I have been married for 3 years and have a young child. My husband and I have been together for 10 years and we are both in our early 30's. 

6 years ago (living together for 2) I had some suspicions - I'm not sure what made me do this but I checked his email and facebook accounts. He had been 'speaking' to other women on the Internet and had joined dating websites. There were photos of women scantily clad, and conversations. These women were in another country, he had not met them in person, however the nature of these 'conversations' amounted to cheating to me. I also read an email to an ex colleague which appeared to insinuate that they had a fling. He told me they had a drunken kiss once but swore blind nothing else happened as she also had a boyfriend. 

Anyhow, we argued, I left for a few weeks, went on holiday with a girlfriend and we had space. He told me upon my return that he was sorry, he made mistakes and I was the one he wanted. He took huge steps to prove he wanted a life with me, we moved to another country together and he proposed, wanted us to share our lives forever and I accepted. People make mistakes, we were both young I thought I'd get over it.

We got married 3 years later, built ourselves a great life and I thought we were happy. Although if I am honest I never truly forgave him for hurting and humiliating me and I never fully trusted him again but i was getting there. He has never been good at communicating and after years of trying to talk to him, I guess I gave up and we must went about our lives without ever addressing any communication or emotional issues. The whole Ning was just swept under the carpet.

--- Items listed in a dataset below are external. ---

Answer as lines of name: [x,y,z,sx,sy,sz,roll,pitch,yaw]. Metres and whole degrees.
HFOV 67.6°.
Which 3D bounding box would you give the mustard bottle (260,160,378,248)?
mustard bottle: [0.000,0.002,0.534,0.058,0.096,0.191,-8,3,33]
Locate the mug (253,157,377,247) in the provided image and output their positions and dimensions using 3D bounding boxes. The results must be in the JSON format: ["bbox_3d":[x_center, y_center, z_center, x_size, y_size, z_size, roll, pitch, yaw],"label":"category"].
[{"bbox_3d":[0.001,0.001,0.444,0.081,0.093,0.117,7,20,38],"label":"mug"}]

When I fell pregnant I was so excited, my husband took a bit longer to get excited but I figured this is a guy thing as I was experiencing all of the changes etc. I was reading books, learning about the babys development etc but never felt like he was that interested. I was hormonal/emotional and we had many arguments during this time, he was also extremely busy in his career which was also putting pressure on him and he wouldn't speak to me about anything, and if he tried if I'm honest we would end up arguing. 

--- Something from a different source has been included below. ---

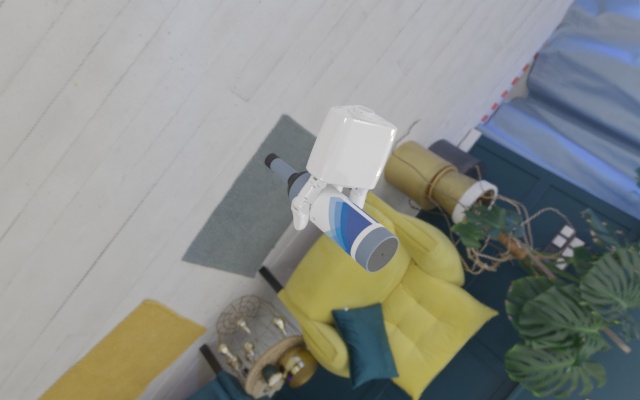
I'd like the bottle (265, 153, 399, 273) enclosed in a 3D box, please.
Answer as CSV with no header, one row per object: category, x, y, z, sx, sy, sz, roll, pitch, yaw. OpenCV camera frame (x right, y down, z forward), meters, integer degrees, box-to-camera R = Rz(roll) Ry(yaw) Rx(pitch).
bottle,0.000,0.003,0.782,0.069,0.069,0.295,0,31,-47
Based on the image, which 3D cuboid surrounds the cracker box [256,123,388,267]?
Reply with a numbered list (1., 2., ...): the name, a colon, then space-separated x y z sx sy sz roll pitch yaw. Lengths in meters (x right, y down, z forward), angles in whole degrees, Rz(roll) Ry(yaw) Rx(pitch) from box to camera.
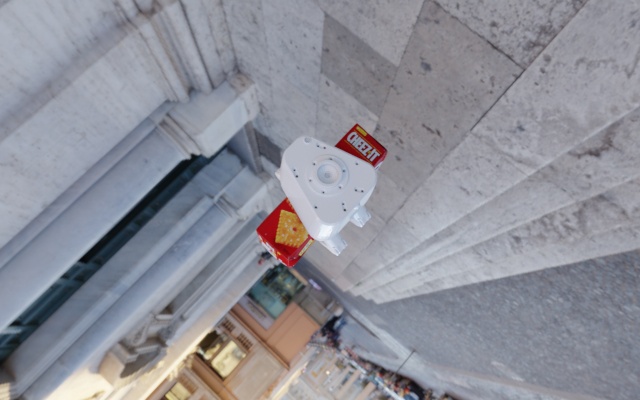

Our baby was born, and we were a family. We were both so happy, we adore our child and he is a fantastic Daddy and provider for us. 

However I had these thoughts at the back of my mind, that I wasn't enough for him before and now with a baby to look after and less time for him is it going to happen again? 

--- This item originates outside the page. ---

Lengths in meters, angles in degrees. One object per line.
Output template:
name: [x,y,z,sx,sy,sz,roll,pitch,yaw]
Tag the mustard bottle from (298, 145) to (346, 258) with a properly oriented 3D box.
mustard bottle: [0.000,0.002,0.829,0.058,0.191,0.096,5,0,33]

Earlier this year (March) I had an urge to check his phone and emails...he had been working away a lot and was very moody and hard to talk to. I found messenger chats with old friends (female) telling them he was unhappy and wishes he could spend some time with them etc. also messages to old female friends which were a bit flirty, just that nature of them upset me. They were from the months just before our baby was born. I also found dating/chat website profiles which he had set up since we had moved overseas which were not active anymore but had been set up after we were engaged. .

I confronted him, told him that I was leaving and if he was so unhappy he should have been man enough to tell me before we had a child together and not have to have them go through parents separating. He was devastated. He begged me not to go, told me it gave him an ego boost to get a bit of attention and we had been arguing so much at that time. This was the first time I can remember we both communicatde frankly with each other. We had never really addressed why he had been 'online' originally and now we needed to sort this out for both of our sakes and our child. 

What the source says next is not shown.